Just you wait and see.
> We've had the Makino for a few years now, probably just after your
> last visit through the shop, when was that? But I wouldn't go so far
> as to say it can produce parts that CAN'T be done on the other
> machines. Some parts are easier to do, and/or take less operator
> intervention.
Otherwise known as a competetive advantage. You make better use of your
rarest, most expensive resource, your people.
Given a saw and a file I can build you a mold Bob. That would not, however,
be my first, or even second, choice.
It wouldn't be yours either.
>
>
>>>> Experience is a good thing. That's why you get the big bucks -
>>>
>>> Bra ha ha. Now I KNOW you're kidding!
>>
>> LOL That Z06 wasn't the result of saving beer can pull tabs.
>
> Well, I wouldn't read too much into THAT. It was a lease car the for
> the first four years.
I'm not chastizing you Bob. You earned it. Just don't poor mouth me OK?
>
>
>>> Some people are more productive with a mouse, and some are more
>>> productive working with a command line structure. To the degree
>>> that an individual can be more productive with one type of program
>>> in relation to another... well that degree is how important the
>>> working of the interface of any particular the program will be to
>>> his productivity.
>>
>> There has been a tremendous amount of research regarding interface
>> technology Bob.
>> Give me a call when Sony impliments a text based interface on a
>> PlayStation. Were there any truth or factual research to support the
>> text side of Text/GUI arguments you would need a keyboard to game.
>
> I don't know if that qualifies as a relevant argument. I would tend
> to believe that most gamers are kids and are not experienced typists.

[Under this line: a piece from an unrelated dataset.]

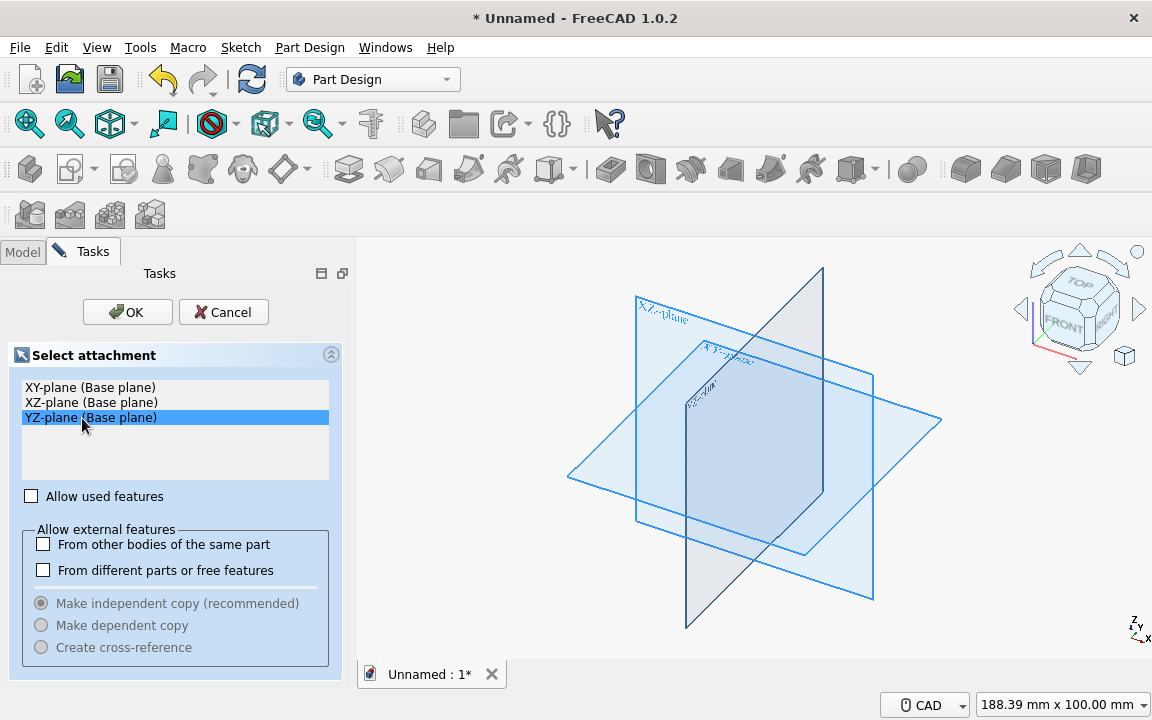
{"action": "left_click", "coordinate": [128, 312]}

You might believe exactly that but you would be wrong. They key demographic
is 16 to 39 years of age.
The feed back loop is the metric in an interface regardless of its purpose.
If you paid for your CAD/CAM product by putting money in the computer 4
quarters at as time you would see amazing improvements in the interface
technology. As it is, you are all in up front and the incentive to improve
is, therefore, focused elsewhere. Like on effective marketing since that is
what yields the biggest return.
This model also has the advantage of convincing you that you are trapped in
to a particular product because it's the interface you know.

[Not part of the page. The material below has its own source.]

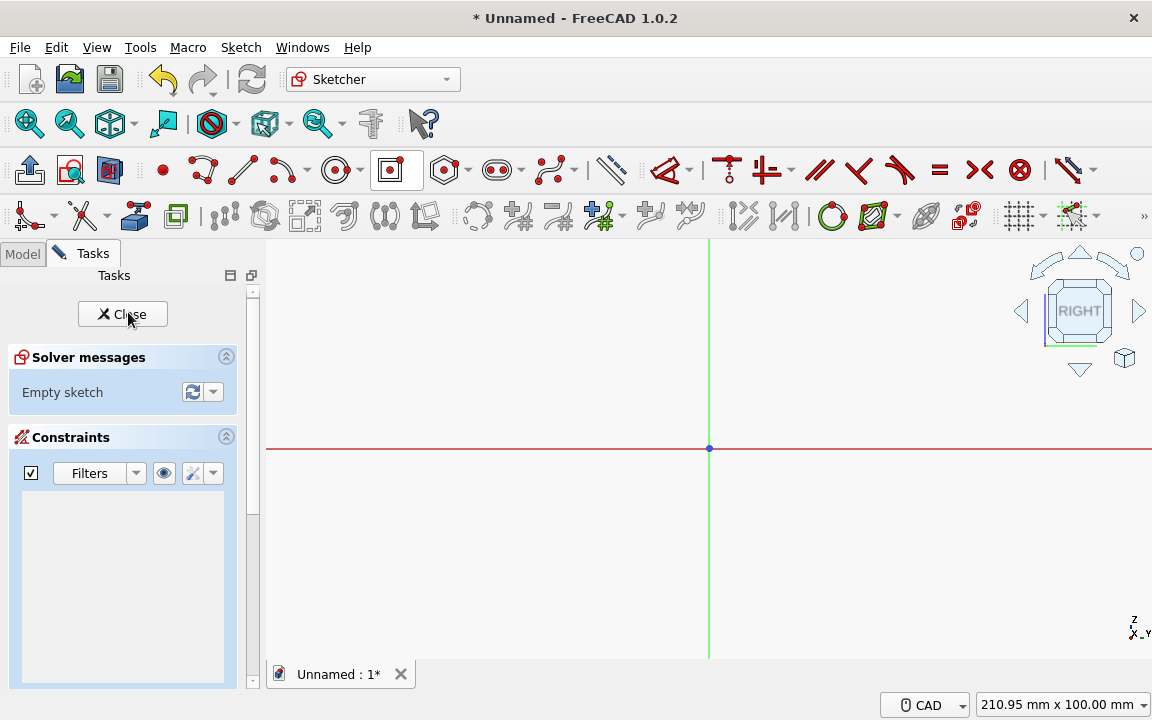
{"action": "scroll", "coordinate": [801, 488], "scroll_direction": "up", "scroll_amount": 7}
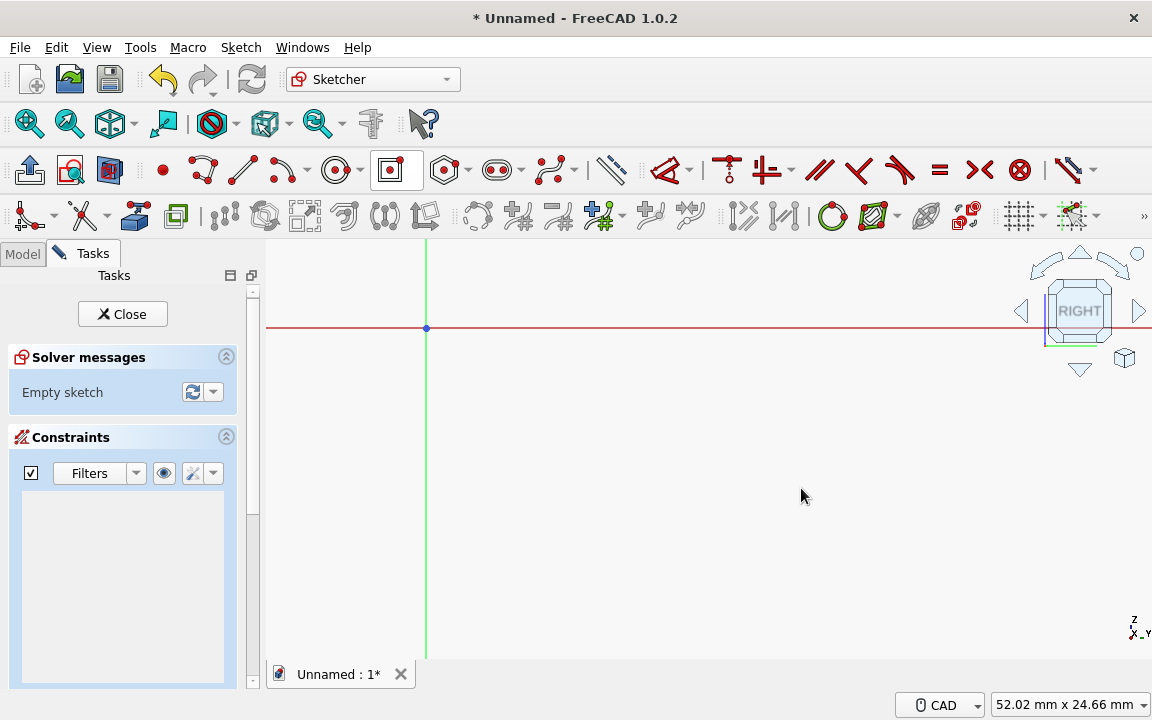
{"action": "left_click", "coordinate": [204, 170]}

None of the interfaces on the market are really that great and when you go
shopping the vendor you have will be able to use that to their advantage.
The notable exception, in my experience, is Delcam. If you can't run
PowerMill without instruction as soon as you sit down and orient yourself
you are either a real dunce or brain dead.
I taught a mold maker from Pomona how to use his new seat of PowerMill when
it first came out in an evening and I hadn't even seen the product. Bruce
almost wet himself laughing after the guy left the office. The guy did need
some seat time but the point is that you can develop and implement a great
interface if you want to devote the necessary resources.
>
>
>>
>>>> Exactly. I adressed this very important point above.
>>>
>>> Yes, you did. And it's a valid point. But it's not necessarily the
>>> ONLY correct viewpoint in all circumstances.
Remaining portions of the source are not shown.